Di usia 775 tahun, Kota Ternate seharusnya telah matang dalam memaknai pembangunan. Kota setua ini tidak cukup dirayakan dengan proyek fisik dan seremoni tahunan, tetapi dengan kebijakan ruang yang cerdas, berakar pada sejarah, dan berpihak pada warganya. Sayangnya, pembangunan Ternate belakangan justru terasa seperti parade ikon: ramai, mencolok, namun sering kehilangan makna. Di sinilah ironi itu muncul—antara membangun ikon atau justru menghadirkan lelucon arsitektural.
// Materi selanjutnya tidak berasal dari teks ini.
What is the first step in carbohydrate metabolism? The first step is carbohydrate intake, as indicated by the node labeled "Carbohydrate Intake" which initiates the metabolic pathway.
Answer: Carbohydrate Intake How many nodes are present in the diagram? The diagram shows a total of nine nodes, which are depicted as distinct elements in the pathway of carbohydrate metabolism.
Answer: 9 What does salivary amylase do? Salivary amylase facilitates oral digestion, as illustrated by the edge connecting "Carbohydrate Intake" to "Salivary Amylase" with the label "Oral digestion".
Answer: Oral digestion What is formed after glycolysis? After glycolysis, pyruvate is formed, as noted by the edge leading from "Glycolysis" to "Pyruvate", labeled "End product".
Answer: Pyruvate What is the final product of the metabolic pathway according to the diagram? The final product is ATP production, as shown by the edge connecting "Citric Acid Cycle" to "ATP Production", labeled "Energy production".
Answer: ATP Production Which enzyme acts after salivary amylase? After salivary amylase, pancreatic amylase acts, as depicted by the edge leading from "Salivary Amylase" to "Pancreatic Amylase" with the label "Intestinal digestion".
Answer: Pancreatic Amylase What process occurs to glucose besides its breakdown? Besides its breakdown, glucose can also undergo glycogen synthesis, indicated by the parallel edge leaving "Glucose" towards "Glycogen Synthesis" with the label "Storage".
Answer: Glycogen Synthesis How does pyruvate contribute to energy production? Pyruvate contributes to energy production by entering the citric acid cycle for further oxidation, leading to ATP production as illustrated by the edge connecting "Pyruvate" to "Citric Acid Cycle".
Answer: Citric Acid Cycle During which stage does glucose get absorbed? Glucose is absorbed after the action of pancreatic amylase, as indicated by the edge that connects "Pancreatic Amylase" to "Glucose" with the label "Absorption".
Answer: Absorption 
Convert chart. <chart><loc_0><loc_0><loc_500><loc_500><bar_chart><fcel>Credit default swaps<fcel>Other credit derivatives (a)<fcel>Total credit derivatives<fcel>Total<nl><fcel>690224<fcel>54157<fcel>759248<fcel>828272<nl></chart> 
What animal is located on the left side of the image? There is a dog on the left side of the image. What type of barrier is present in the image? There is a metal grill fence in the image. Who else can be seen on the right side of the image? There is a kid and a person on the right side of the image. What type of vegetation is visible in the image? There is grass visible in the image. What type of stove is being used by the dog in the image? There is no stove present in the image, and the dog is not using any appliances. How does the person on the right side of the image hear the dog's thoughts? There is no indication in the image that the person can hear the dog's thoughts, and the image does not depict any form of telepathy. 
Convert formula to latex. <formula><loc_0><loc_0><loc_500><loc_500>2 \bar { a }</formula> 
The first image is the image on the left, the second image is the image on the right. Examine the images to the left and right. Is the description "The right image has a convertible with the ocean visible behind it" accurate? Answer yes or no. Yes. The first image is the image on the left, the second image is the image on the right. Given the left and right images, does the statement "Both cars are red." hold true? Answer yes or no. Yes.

Sebagai warga dan sarjana arsitektur yang baru kembali ke Ternate, saya terkejut melihat di depan mata. Kota ini adalah kota memori—dibentuk oleh sejarah Kesultanan, budaya maritim, dan lanskap kepulauan yang unik. Setiap intervensi ruang semestinya berdialog dengan konteks tersebut. Kelihatannya proyek publik hadir tanpa narasi yang jelas, seolah terlepas dari cerita kota yang telah hidup berabad-abad.
Ikon yang Kehilangan Makna
Berbagai proyek seperti landmark, dan landmark lainnya—mulai dari struktur yang dikenal publik sebagai tulang ikan, penataan Pantai Falajawa dan Pantai Toboko, hingga kawasan Taman Nukila dan Dermaga Kesultanan—menunjukkan kecenderungan serupa: mengejar bentuk ikonik, tetapi abai pada makna.
Ikon kota bukan sekadar bentuk unik atau monumental. Ia adalah simpul memori dan identitas. Ketika sebuah landmark tidak dipahami warganya, tidak menyatu dengan sejarah tempat, dan tidak mendukung aktivitas sosial, maka ia berubah menjadi artefak asing. Ia berdiri, tetapi tidak hidup.
Struktur “tulang ikan”, misalnya, lebih sering menjadi bahan candaan publik ketimbang simbol kebudayaan maritim. Bentuk boleh abstrak, tetapi makna tidak boleh kabur. Arsitektur publik yang pasti tidak dipahami warganya sendiri adalah sinyal kegagalan perencanaan.
Ruang Publik yang Tidak Ramah Kehidupan
Pantai Falajawa dan Pantai Toboko memperlihatkan persoalan lain: ruang publik yang lebih diperlakukan sebagai etalase visual daripada ruang sosial. Penataan fisik memang tampak rapi dan fotogenik, tetapi belum tentu ramah terhadap aktivitas sehari-hari—nelayan, pedagang kecil, anak-anak, dan warga yang sekadar ingin duduk tanpa tekanan estetika.
Ruang publik yang baik bukan hanya indah dipandang, tetapi fleksibel, inklusif, dan hidup. Ketika desain terlalu kaku dan steril, ruang kehilangan spontanitas sosialnya. Ia ramai di media sosial, tetapi sepi dalam keseharian.
Sejarah yang Dijadikan Latar
Kawasan Taman Nukila dan Dermaga Kesultanan seharusnya diperlakukan dengan kepekaan tinggi. Ini bukan sekadar ruang kota, tetapi lanskap sejarah dan simbol identitas Ternate. Pendekatan pembangunan yang terlalu generik berisiko mereduksi sejarah menjadi sekadar latar visual.
Banyak kota tua di dunia bertahan karena kehati-hatiannya dalam membangun—mengutamakan kesinambungan, bukan penggantian. Di Ternate, kesan yang muncul justru sebaliknya: sejarah sering ditimpa desain baru tanpa pemahaman mendalam terhadap konteks yang dilapisinya.
Seremoni 775 Tahun: Substansi atau Sekadar Panggung?
Perayaan ulang tahun ke-775 Kota Ternate yang dilaksanakan di Kedaton Kesultanan Ternate sejatinya memiliki makna simbolik yang sangat kuat. Kedaton adalah jantung sejarah dan peradaban Ternate.